Nous avons eu le plaisir d’échanger avec lui sur son parcours, ses inspirations, et sa vision pour les villes en transition, notamment autour de la question de la baignadurbaine.

Bonjour Hicham, pourrais-tu te présenter ?

Je suis architecte-paysagiste et je vis à Bruxelles. J’exerce ce métier à la fois avec passion et avec la conviction qu’il est au cœur des enjeux contemporains : repenser nos espaces, redonner leur place à la nature, permettre à chacun·e de vivre mieux, plus dignement, dans des villes plus respirables, plus végétales et plus belles.

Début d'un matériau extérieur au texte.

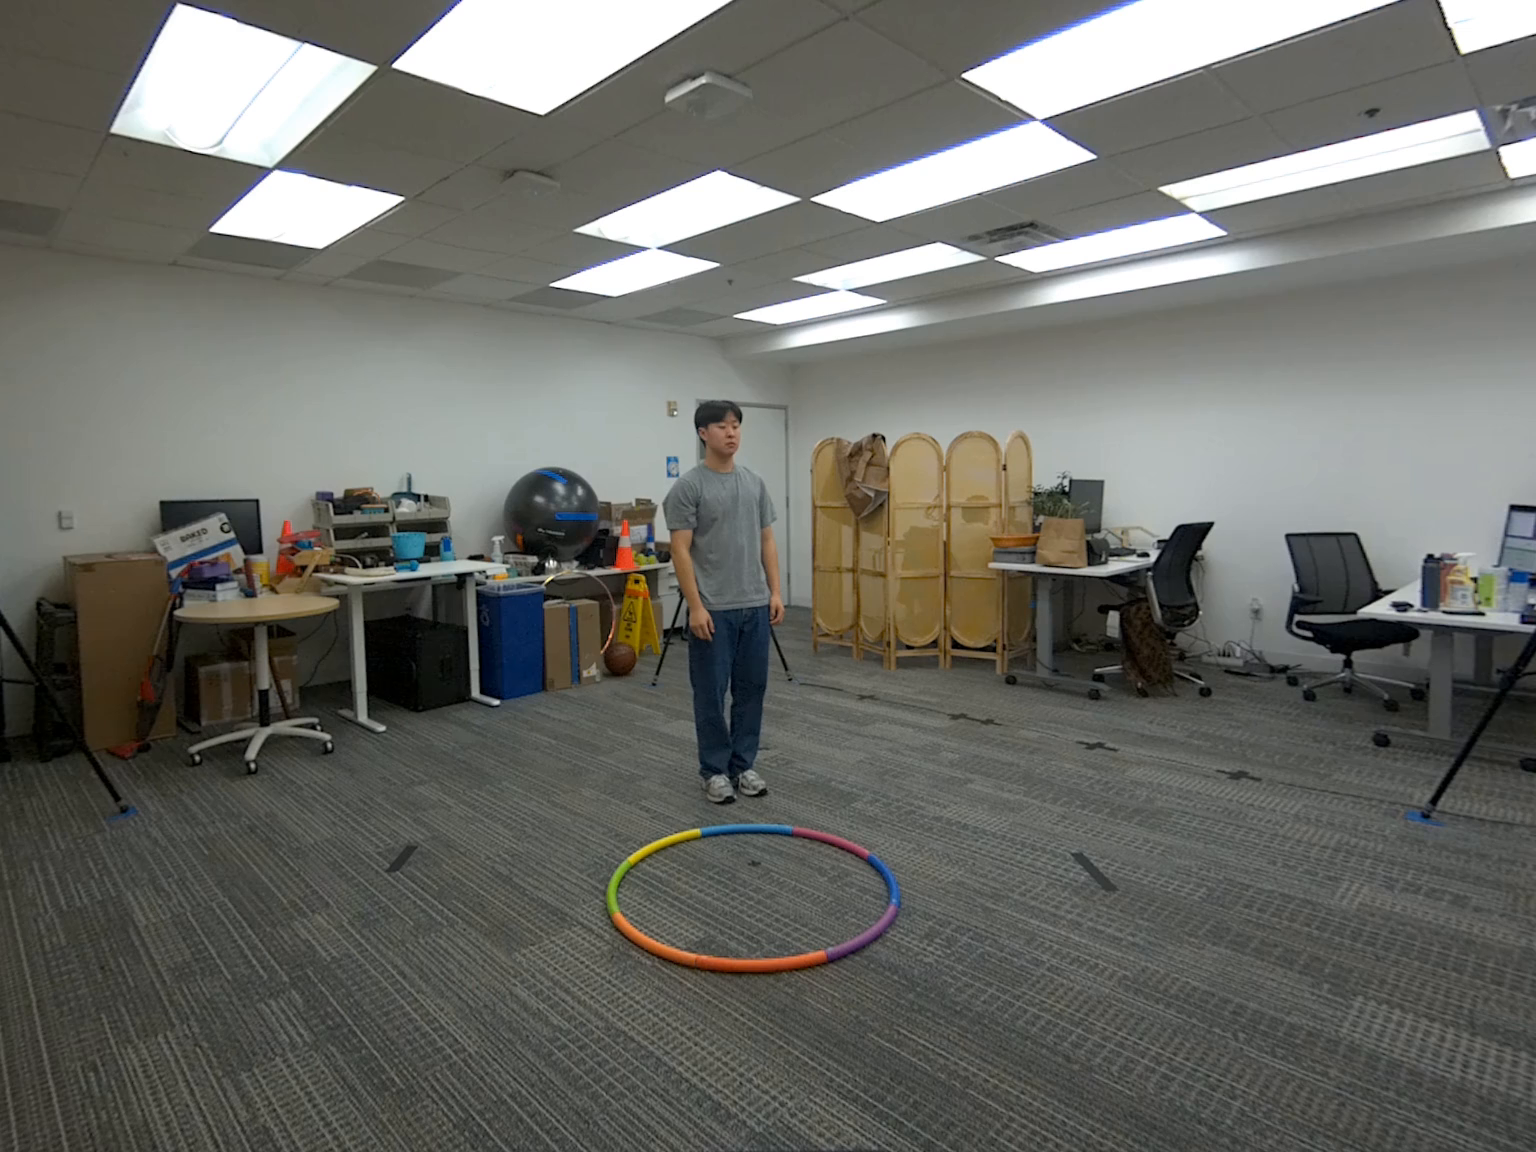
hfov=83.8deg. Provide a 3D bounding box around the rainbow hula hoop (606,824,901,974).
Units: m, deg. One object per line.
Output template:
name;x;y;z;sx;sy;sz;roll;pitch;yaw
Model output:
rainbow hula hoop;-0.052;1.038;2.902;0.978;0.035;0.984;-1;7;-2

Un métier au croisement du vivant et du sensible

On imagine parfois les architectes-paysagistes comme des rêveurs un peu déconnectés, ou au contraire comme des techniciens froids. Moi, je veux déconstruire cette idée. Ce que je fais, ce que nous faisons, c’est écouter, percevoir, toucher, ressentir. Mon métier me permet autant de dessiner les plans d’une future place publique que de choisir une pierre en carrière, une plante en pépinière, de goûter les produits d’un terroir, de débattre avec les citoyen·nes ou de marcher dans les bois en hiver. L’architecture du paysage, c’est une affaire de sens. Tous les sens.

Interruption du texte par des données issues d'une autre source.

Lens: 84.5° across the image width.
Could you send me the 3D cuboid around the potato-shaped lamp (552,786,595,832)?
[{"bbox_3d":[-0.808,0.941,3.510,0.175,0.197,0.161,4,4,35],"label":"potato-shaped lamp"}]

Hedera helix arborescens – Rotterdam, 2023

Je suis aussi papa. Mon fils Lyess m’inspire beaucoup dans ce que je fais. Il me rappelle à quel point l’espace public devrait être pensé pour tous les âges, toutes les générations, toutes les classes sociales. Quand on devient parent, on comprend à quel point le cadre de vie est essentiel. Et c’est aussi un rappel très personnel, très concret, que notre métier n’est pas du tout abstrait ou « déconnecté », bien au contraire.

Hicham Karkouch et son fils Lyess dans le centre de Bruxelles – “Seulement quatre arbres à l’horizon…”

Un fil rouge : l’écoute

S’il y a une chose que je défends à travers tous mes projets, c’est la dimension collective. Un projet réussi, c’est la somme de plusieurs intelligences, de sensibilités différentes. L’écoute, la patience, la négociation, le respect du temps long : ce sont des valeurs fondamentales pour moi.

Quel est ton rôle au sein de l’agence internationale OMGEVING ?

Chez OMGEVING je travaille donc sur des projets à haute valeur ajoutée. J’ai un rôle très varié, à l’image de mon métier. En gros je vais de la réalisation à la conception. Plus spécifiquement, il s’agit autant de penser des espaces publics, de mener des études territoriales ou environnementales, que de participer à des ateliers participatifs, de défendre des idées ou de coordonner des équipes pluridisciplinaires.

Un projet qui me tient particulièrement à cœur est celui du Parc de Neerpede, à Bruxelles. Nous y avons travaillé à la renaturalisation de la rivière, à la revalorisation écologique du site, et à l’intégration du premier site de baignade en plein air de la capitale. C’est un projet exemplaire qui montre comment une approche environnementale, sociale et paysagère peut transformer un lieu.

Etang de baignade de Neerpede – Bruxelles. Crédit : OMGEVING

OMGEVING : une agence au service de la transition

OMGEVING est agence multidisciplinaire regroupant environs 80 professionnels. C’est une coopérative ce qui est assez rare dans le milieu. En plus de ça l’agence est certifiée B CORP (Label à la renommée internationale. Progressiste et exigeant, il reconnaît les bonnes pratiques des entreprises en termes d’impact social, sociétal et environnemental, et dessine un chemin de progrès et de transformation au cœur de leur modèle d’affaires.).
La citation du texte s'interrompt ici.